Populismo, Desilusão e o Fracasso da Esquerda

Ouvimos todos os dias, ou quase todos os dias, nas televisões, nas rádios e nas redes sociais o slogan indignado: “Fascismo nunca mais!”

Há quem vá ainda mais longe, defendendo que partidos como o Chega deveriam ser proibidos por fomentarem o fascismo, o racismo e o ódio.

Estas declarações provêm, na sua maioria, de setores da extrema-esquerda e da esquerda moderada.

Concordo com elas? Não. De modo algum.

Simpatizo com o Chega? Também não. Trata-se de um partido ruidoso, provocador, que se alimenta da polarização, agregando em torno de si um grupo disposto ao confronto político constante. Um partido sem profundidade, sem “sumo”.

Mas — e aqui reside o ponto fulcral — tem o direito de existir. É precisamente para isso que serve a democracia: garantir espaço a todas as vozes, mesmo àquelas que nos incomodam ou confrontam. E esse direito foi reforçado nas últimas eleições legislativas, quando uma significativa percentagem do eleitorado português legitimou a sua presença no Parlamento, através do voto direto.

Quem é o verdadeiro responsável por esse crescimento? As televisões, por lhes darem palco? Talvez em parte, mas não exclusivamente.

A responsabilidade maior recai sobre aqueles que passaram décadas no poder — a esquerda.

Desde Mário Soares, passando por Guterres e Sócrates, até António Costa, a esquerda governou Portugal durante quase três décadas. Tempo mais do que suficiente para transformar estruturalmente o país. E, no entanto, o que resta é um Estado pesado, uma sociedade desigual e uma população cada vez mais descrente.

Durante anos, essa esquerda teve uma ligação profunda com os mais desfavorecidos — os que vivem em zonas esquecidas, onde a vida é um permanente exercício de resistência.

Mas essa relação esvaneceu-se. A esquerda institucional tornou-se gradualmente mais burocrática e distante, mergulhada num intelectualismo estéril e presa a dogmas ideológicos que já não respondem às exigências do presente.

Dogmas que, em vez de libertarem, contribuíram para agravar o sofrimento de quem mais precisava de soluções concretas.

A chamada “geringonça” e os anos de governação de António Costa exemplificam este desfasamento. Com as finanças públicas em excedente, o governo optou por agradar a Bruxelas em vez de aliviar o peso que o Estado impõe sobre as famílias e empresas.

Perderam uma oportunidade histórica de reestruturar o país. Preferiram contemplar-se ao espelho, em vez de agir.
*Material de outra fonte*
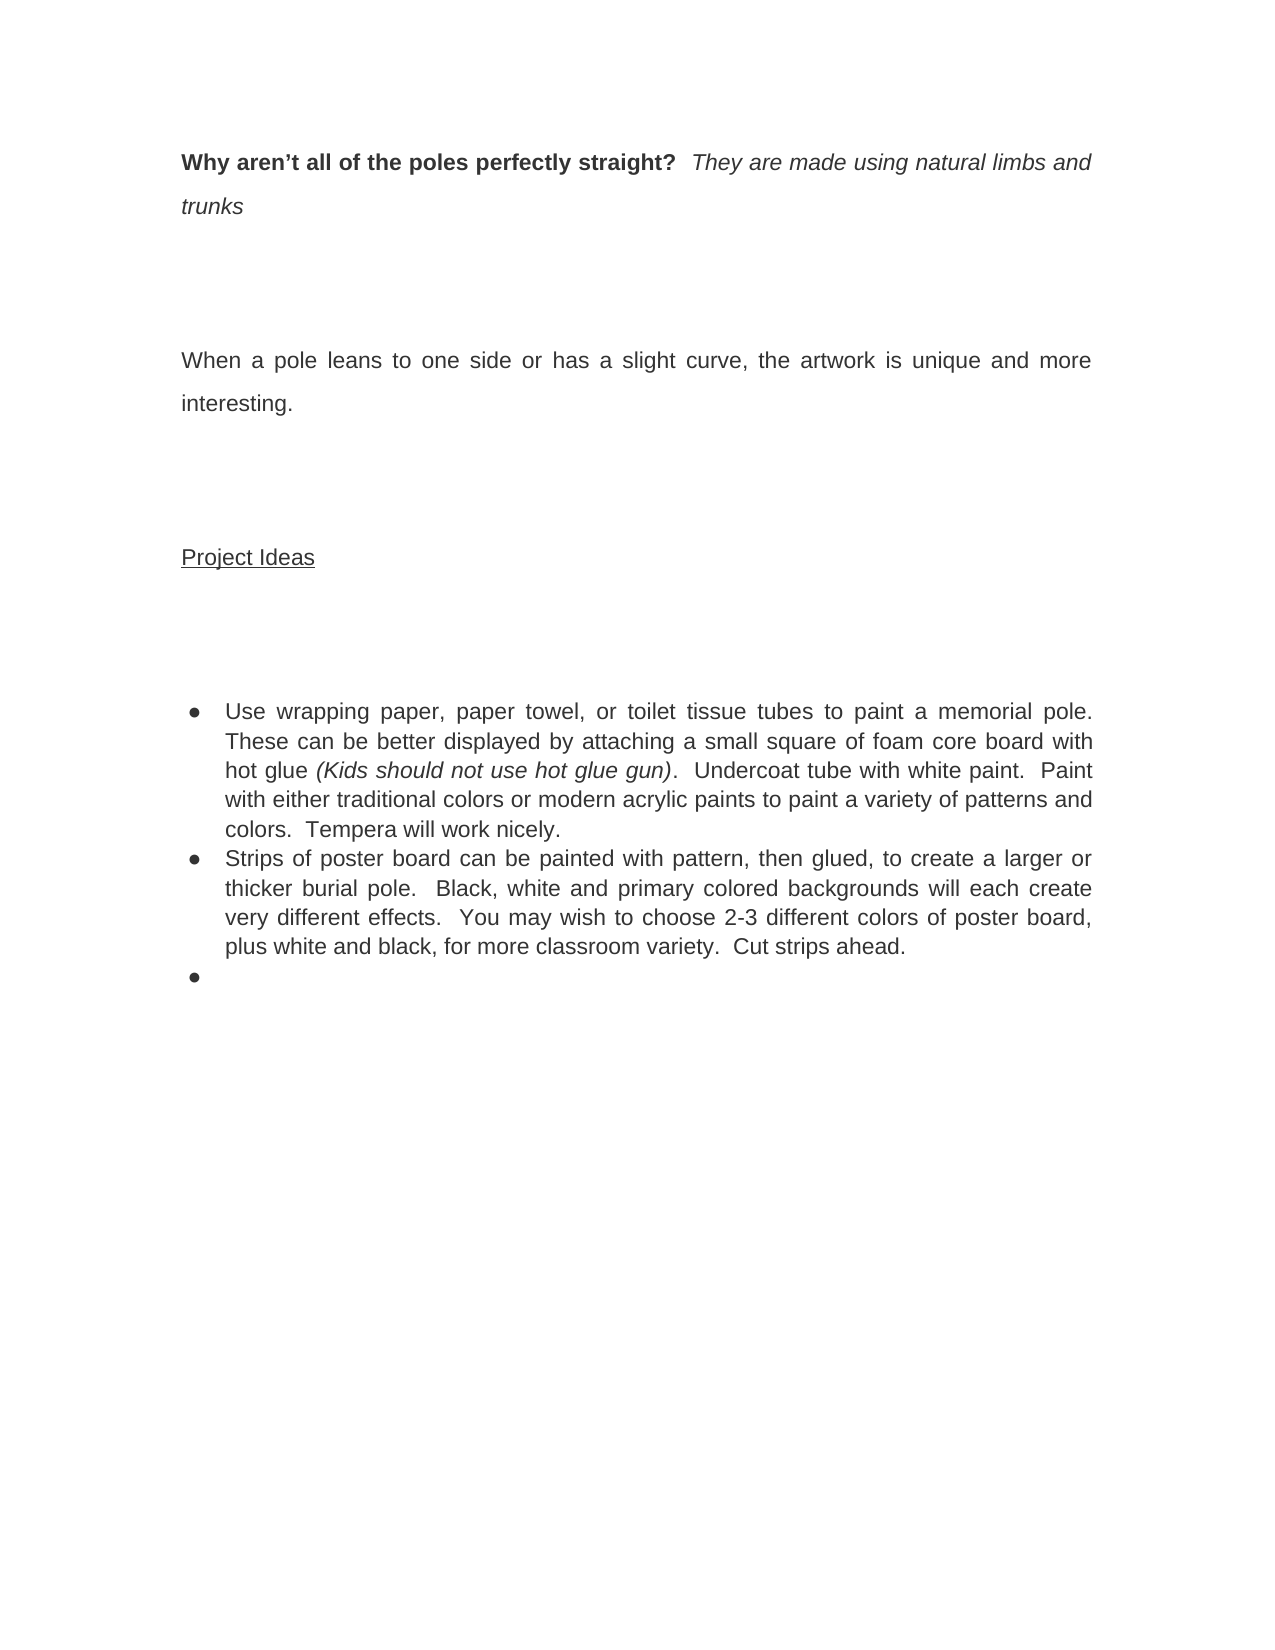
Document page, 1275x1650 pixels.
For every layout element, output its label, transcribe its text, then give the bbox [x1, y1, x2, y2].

Hoje temos uma carga fiscal asfixiante, serviços públicos em colapso, corrupção, e uma sensação generalizada de que o sistema já não responde aos cidadãos. Isto, sim, é um autoritarismo subtil — um “fascismo disfarçado” pela aparência democrática.

O crescimento de forças populistas, como o Chega, é o sintoma direto desta traição.

As pessoas deixaram de acreditar na esquerda, no poder, nas promessas. Perderam a fé na política como instrumento de transformação. E a responsabilidade é, em larga medida, da própria esquerda que abandonou os seus princípios fundadores: a justiça social, a equidade, a proximidade.

O resultado é evidente: um partido de extrema-direita tornou-se o principal grupo da oposição. Não mudará Portugal. Falta-lhe substância. Mas ofereceu algo que a esquerda deixou de oferecer: esperança — mesmo que seja ilusória — àqueles que se sentem esquecidos.

Quanto a mim, resta-me continuar a lutar pela minha vida, sem esperar que o poder, tal como está constituído, traga algo melhor.

Sigo o conselho de Álvaro de Campos (Fernando Pessoa): “Eu que me aguente comigo e com os comigos de mim.”

E é precisamente esse o conselho que deixo.

Não como resignação, mas como ponto de partida para uma consciência mais crítica, mais lúcida — e, talvez, mais corajosa.